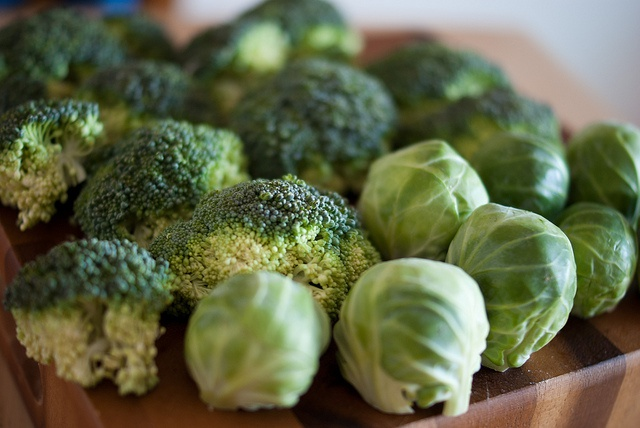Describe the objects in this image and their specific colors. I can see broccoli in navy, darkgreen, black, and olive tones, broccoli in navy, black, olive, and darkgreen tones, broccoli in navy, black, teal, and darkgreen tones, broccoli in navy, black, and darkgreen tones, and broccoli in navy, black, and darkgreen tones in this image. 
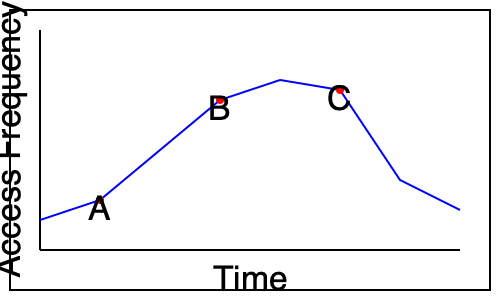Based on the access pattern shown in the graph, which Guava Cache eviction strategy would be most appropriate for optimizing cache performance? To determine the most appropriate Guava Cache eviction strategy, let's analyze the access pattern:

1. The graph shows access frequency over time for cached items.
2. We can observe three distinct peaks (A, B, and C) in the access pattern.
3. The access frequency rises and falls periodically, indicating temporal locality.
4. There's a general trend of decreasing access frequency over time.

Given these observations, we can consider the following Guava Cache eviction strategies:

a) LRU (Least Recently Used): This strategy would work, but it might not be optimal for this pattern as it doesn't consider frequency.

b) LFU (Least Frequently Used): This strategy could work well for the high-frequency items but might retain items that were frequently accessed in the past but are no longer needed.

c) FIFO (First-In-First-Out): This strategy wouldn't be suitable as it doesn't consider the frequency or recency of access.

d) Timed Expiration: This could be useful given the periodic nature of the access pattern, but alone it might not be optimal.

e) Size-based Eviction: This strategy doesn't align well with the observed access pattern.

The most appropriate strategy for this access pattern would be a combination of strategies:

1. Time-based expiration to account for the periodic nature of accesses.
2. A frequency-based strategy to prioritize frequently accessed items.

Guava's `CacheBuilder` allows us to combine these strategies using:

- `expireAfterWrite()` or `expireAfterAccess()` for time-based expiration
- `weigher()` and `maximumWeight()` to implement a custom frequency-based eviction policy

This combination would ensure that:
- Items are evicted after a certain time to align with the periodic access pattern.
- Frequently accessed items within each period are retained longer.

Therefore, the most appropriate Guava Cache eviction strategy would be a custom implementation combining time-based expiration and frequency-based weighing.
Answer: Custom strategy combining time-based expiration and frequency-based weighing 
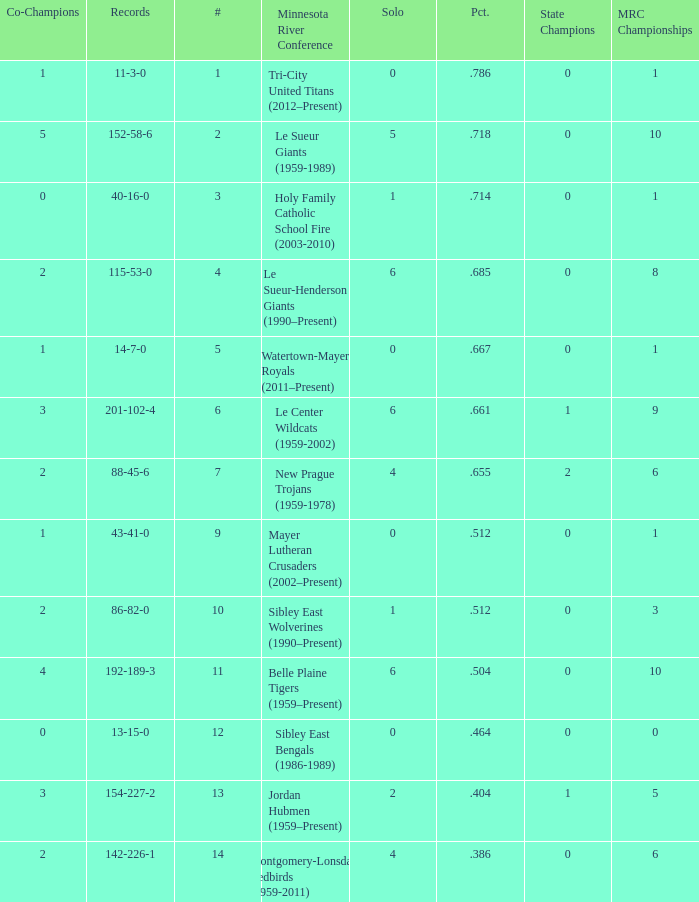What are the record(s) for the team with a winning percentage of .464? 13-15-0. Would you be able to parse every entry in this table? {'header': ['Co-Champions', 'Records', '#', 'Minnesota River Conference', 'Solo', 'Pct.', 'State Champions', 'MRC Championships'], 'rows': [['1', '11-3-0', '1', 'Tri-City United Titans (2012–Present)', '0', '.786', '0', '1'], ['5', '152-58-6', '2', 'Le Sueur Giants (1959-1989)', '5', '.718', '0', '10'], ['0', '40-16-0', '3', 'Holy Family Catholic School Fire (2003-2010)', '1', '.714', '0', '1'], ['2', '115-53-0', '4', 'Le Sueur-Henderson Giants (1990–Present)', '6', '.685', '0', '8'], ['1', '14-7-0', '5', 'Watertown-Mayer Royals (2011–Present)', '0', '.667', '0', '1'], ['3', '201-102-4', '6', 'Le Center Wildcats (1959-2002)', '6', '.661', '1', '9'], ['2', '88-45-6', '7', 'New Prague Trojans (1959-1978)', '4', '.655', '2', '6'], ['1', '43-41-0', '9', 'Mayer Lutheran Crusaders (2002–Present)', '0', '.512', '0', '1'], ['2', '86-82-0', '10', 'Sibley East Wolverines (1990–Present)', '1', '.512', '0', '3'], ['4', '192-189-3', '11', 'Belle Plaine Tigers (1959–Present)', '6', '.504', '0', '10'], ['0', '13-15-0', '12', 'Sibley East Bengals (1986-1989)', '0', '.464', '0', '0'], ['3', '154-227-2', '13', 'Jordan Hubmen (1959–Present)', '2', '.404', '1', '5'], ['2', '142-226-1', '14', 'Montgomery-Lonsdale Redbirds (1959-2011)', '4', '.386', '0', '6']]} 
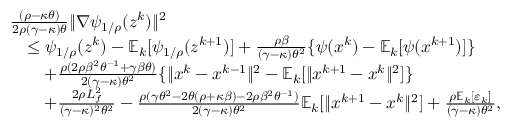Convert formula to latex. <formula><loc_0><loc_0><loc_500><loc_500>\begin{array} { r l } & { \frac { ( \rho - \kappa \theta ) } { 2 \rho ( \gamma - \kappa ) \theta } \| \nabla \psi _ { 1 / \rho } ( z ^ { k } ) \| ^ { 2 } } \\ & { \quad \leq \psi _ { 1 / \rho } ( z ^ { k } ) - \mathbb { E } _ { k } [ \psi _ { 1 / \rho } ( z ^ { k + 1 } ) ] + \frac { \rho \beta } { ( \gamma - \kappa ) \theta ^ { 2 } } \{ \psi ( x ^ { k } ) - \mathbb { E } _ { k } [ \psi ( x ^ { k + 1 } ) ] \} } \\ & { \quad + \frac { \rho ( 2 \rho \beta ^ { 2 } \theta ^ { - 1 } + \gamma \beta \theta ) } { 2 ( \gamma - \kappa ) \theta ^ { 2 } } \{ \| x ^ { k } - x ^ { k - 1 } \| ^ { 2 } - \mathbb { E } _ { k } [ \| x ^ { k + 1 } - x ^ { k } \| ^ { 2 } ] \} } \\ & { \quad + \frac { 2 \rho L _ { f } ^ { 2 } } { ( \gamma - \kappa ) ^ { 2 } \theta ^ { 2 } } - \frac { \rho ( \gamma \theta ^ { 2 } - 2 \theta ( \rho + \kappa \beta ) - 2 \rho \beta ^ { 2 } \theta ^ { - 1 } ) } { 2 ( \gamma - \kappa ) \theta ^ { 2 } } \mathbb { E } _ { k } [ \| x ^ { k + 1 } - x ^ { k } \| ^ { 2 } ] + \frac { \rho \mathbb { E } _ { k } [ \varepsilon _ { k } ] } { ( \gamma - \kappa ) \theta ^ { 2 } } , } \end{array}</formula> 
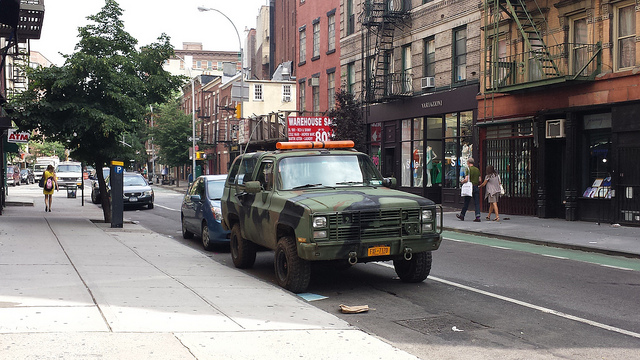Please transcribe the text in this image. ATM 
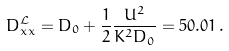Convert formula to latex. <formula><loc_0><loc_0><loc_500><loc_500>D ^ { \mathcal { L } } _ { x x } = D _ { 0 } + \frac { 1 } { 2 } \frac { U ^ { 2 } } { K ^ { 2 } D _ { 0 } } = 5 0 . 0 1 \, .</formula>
------
→ **Action item**: In the material above, transcribe exactly the lines beginning at the one with "2. A frequency-based" and ending at the one with "Answer: Custom strategy", both included.

→ **Problem solution**:
2. A frequency-based strategy to prioritize frequently accessed items.

Guava's `CacheBuilder` allows us to combine these strategies using:

- `expireAfterWrite()` or `expireAfterAccess()` for time-based expiration
- `weigher()` and `maximumWeight()` to implement a custom frequency-based eviction policy

This combination would ensure that:
- Items are evicted after a certain time to align with the periodic access pattern.
- Frequently accessed items within each period are retained longer.

Therefore, the most appropriate Guava Cache eviction strategy would be a custom implementation combining time-based expiration and frequency-based weighing.
Answer: Custom strategy combining time-based expiration and frequency-based weighing 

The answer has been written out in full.